Van Gundy agreed with the laymen observers gathered on his doorstep that Marcin Gortat was his most effective player Thursday night. In a shade more than 20 minutes, Gortat scored only four points, but had four blocks and eight rebounds on a night when the Magic were outrebounded 55-41. Van Gundy went to a twin towers look with Dwight Howard and Gortat on the floor at the same time for brief stints, and he wouldn't rule out using more of that to combat the Lakers' size and length in Game 2.

"We can play bigger, but when you play bigger you can't spread the floor out at all then," Van Gundy said. "It may be something to look at, but I don't know if it helps or hurts from an offensive standpoint. It would certainly help us defensively. But offensively, I don't know if it helps or hurts. You get less shooting on the floor and less of an ability to spread the floor out. ... Even though we're bigger, we bring their big people into the lane even more, so it's sort of a Catch-22."

Short of shaking up his rotation and playing a bigger lineup, what else can Van Gundy and his coaching staff concoct to prevent this series from getting out of hand? Everything has to be geared toward Howard, who wound up with only six field-goal attempts in Game 1.
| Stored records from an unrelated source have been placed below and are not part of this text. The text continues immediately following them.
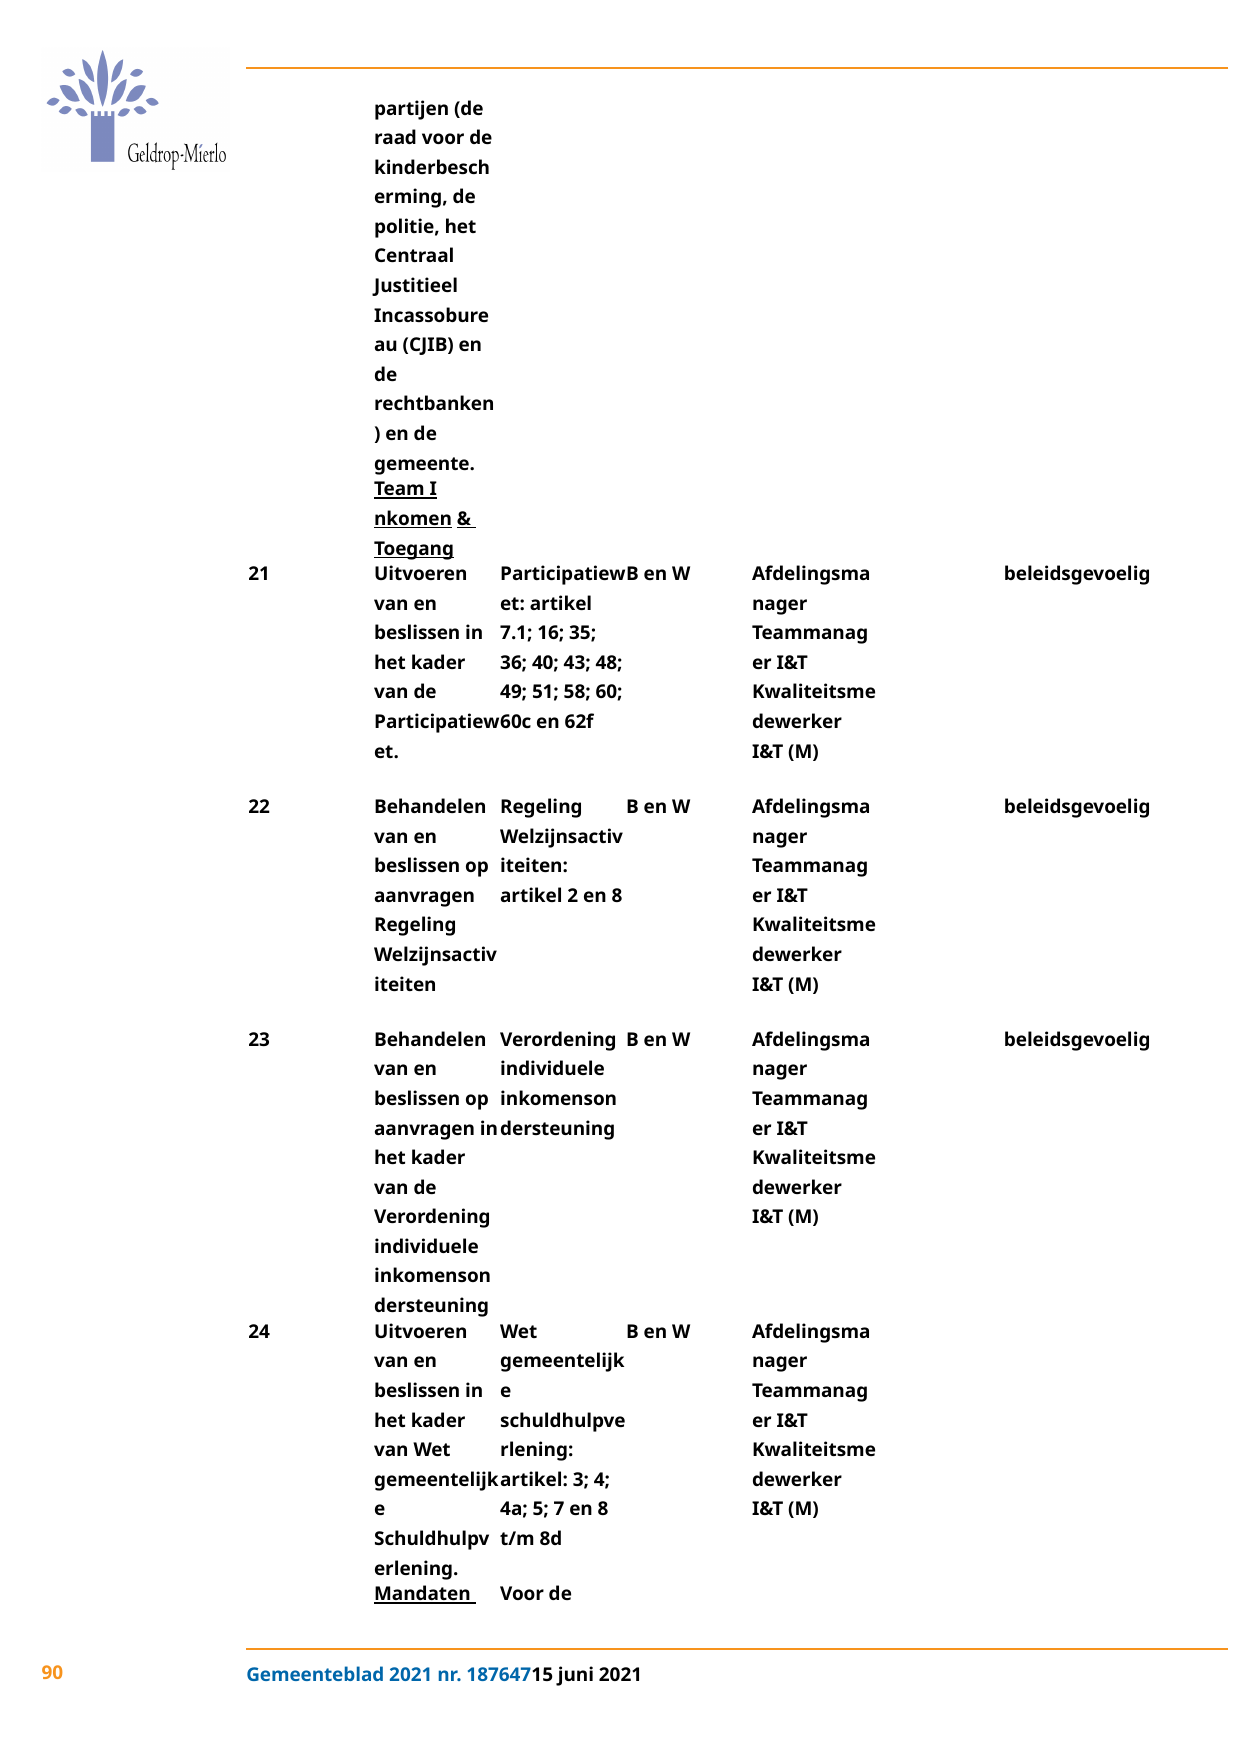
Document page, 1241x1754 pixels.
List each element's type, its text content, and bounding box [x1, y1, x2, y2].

table_cell Voor de [500, 1580, 626, 1606]
table_cell beleidsgevoelig [1004, 793, 1152, 1026]
table_cell [1004, 476, 1152, 560]
table_cell Behandelen van en beslissen op aanvragen Regeling Welzijnsactiviteiten [374, 793, 500, 1026]
table_cell Verordening individuele inkomensondersteuning [500, 1026, 626, 1318]
table_cell Afdelingsmanager Teammanager I&T Kwaliteitsmedewerker I&T (M) [752, 560, 878, 793]
table_cell Behandelen van en beslissen op aanvragen in het kader van de Verordening individuele inkomensondersteuning [374, 1026, 500, 1318]
table_cell [878, 560, 1004, 793]
table_cell 22 [248, 793, 374, 1026]
table_cell Team I nkomen & Toegang [374, 476, 500, 560]
table_cell [878, 1318, 1004, 1580]
table_cell 24 [248, 1318, 374, 1580]
table_cell [752, 95, 878, 476]
table_cell beleidsgevoelig [1004, 1026, 1152, 1318]
table_cell [878, 1580, 1004, 1606]
table_cell [752, 476, 878, 560]
table_cell Participatiewet: artikel 7.1; 16; 35; 36; 40; 43; 48; 49; 51; 58; 60; 60c en 62f [500, 560, 626, 793]
table_cell [752, 1580, 878, 1606]
table_cell Afdelingsmanager Teammanager I&T Kwaliteitsmedewerker I&T (M) [752, 793, 878, 1026]
table_cell 21 [248, 560, 374, 793]
table_cell Wet gemeentelijke schuldhulpverlening: artikel: 3; 4; 4a; 5; 7 en 8 t/m 8d [500, 1318, 626, 1580]
table_cell [1004, 95, 1152, 476]
table_cell [878, 95, 1004, 476]
table_cell Mandaten [374, 1580, 500, 1606]
table_cell 23 [248, 1026, 374, 1318]
table_cell [1004, 1580, 1152, 1606]
table_cell B en W [626, 793, 752, 1026]
table_cell beleidsgevoelig [1004, 560, 1152, 793]
table_cell B en W [626, 560, 752, 793]
table_cell [248, 1580, 374, 1606]
table_cell Afdelingsmanager Teammanager I&T Kwaliteitsmedewerker I&T (M) [752, 1318, 878, 1580]
table_cell [248, 95, 374, 476]
table_cell [248, 476, 374, 560]
picture [41, 47, 231, 172]
table_cell B en W [626, 1026, 752, 1318]
table_cell [878, 1026, 1004, 1318]
table_cell [500, 95, 626, 476]
table_cell [878, 793, 1004, 1026]
table_cell Uitvoeren van en beslissen in het kader van Wet gemeentelijke Schuldhulpverlening. [374, 1318, 500, 1580]
table_cell Afdelingsmanager Teammanager I&T Kwaliteitsmedewerker I&T (M) [752, 1026, 878, 1318]
table_cell Uitvoeren van en beslissen in het kader van de Participatiewet. [374, 560, 500, 793]
table_cell B en W [626, 1318, 752, 1580]
table_cell partijen (de raad voor de kinderbescherming, de politie, het Centraal Justitieel Incassobureau (CJIB) en de rechtbanken) en de gemeente. [374, 95, 500, 476]
table_cell Regeling Welzijnsactiviteiten: artikel 2 en 8 [500, 793, 626, 1026]
table_cell [500, 476, 626, 560]
table_cell [1004, 1318, 1152, 1580]
table_cell [878, 476, 1004, 560]
table_cell [626, 476, 752, 560]
table_cell [626, 1580, 752, 1606]
table_cell [626, 95, 752, 476]

It was widely expected that the Lakers would show Howard a steady diet of single coverage in an effort to keep Orlando's 3-point shooters from hurting them. They didn't quite do that -- they did something even better. They double teamed him from different spots on the floor -- sometimes with the other big man sealing off the baseline, sometimes with Alston's man sagging to the paint, and sometimes with the man who was guarding the cutter.

These were all looks that Howard hadn't seen consistently in the past two series, and it showed. On top of that, the Lakers varied the timing of the double teams -- doubling on the catch, on the dribble, or not at all. Occasionally, the Lakers even put 6-foot-10 forward Lamar Odom on Howard, which turned either Pau Gasol or Andrew Bynum into the help defender and pulled Howard away from the basket on the defensive end.

"They're going to make it tough to get Dwight rolling," Van Gundy said. "We got him the ball a lot [Thursday] night, but they're always coming with another guy. ... We are looking at some subtle adjustments to try to get our spacing maybe a little bit better for him."

As Van Gundy's therapy session was wrapping up outside the Magic locker room, the search for answers was only beginning.